Capital earmarked for Market Growth may be invested in the asset categories of Stocks, Bonds or Cash via the above mentioned investment vehicles, and is dependent on the current market environment and/or trend. When not invested in US stocks, consideration may be given to alternative investment classes and/or categories based on their respective economic fundamentals and/or technical prospects for growth.
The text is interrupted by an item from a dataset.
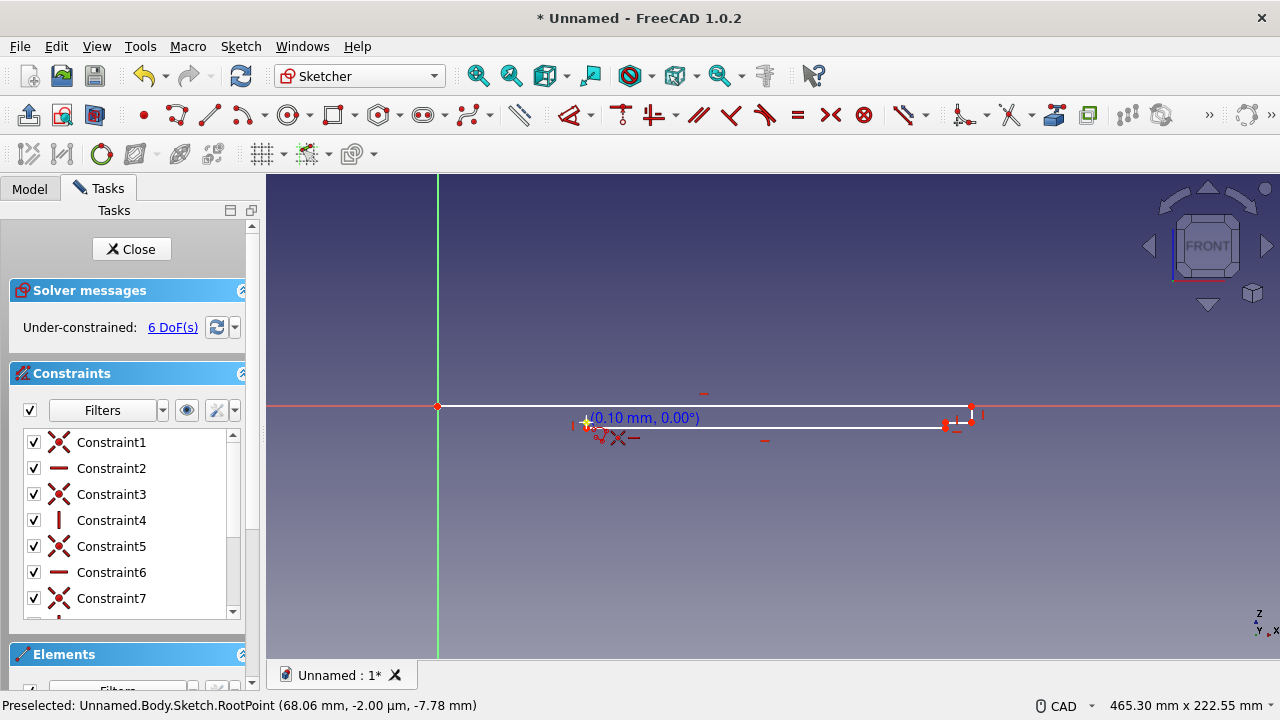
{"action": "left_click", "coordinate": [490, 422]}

- SCG Aggressive Growth TIPS
For investors seeking to further enhance investment returns as compared to that of SCG Market Growth TIPS each calendar year. Investment choices consist of mutual funds that are leveraged by fund management to move at twice the pace of a specific market index. Buy and sell decisions are made using SCG Aggressive Growth TIPS. Capital earmarked for Aggressive Growth is either invested in a single stock index fund, or a bond/cash money market fund.
Income:
Capital earmarked for Income is needed to pay the investor a specified amount of money now. Capital may only be invested in Annuities, Cash or Bonds where the primary objective is principal protection. Typically, investors will choose to establish a Cash Reserves or an Equivalent type of account. This account must be repeatedly replenished with enough Reserves to pay the investor an income over an elected installment period, usually in 6 month to one year increments. This allows the investor to free up their remaining capital for Growth or Preservation management if so desired.
Preservation:
Capital earmarked for Preservation is typically invested in either Bonds or Cash where the primary or secondary objective is principal protection, preservation and/or stability. Alternative investment vehicles, such as Annuities, that provide a specified level of insurance protection may also be considered. When investing in Bonds, it is important that investors identify principal protection as a primary or secondary objective. Bonds are debt instruments which are subject to varying degrees of credit risk. More important, Bonds may decrease in marketable value in a rising interest rate environment.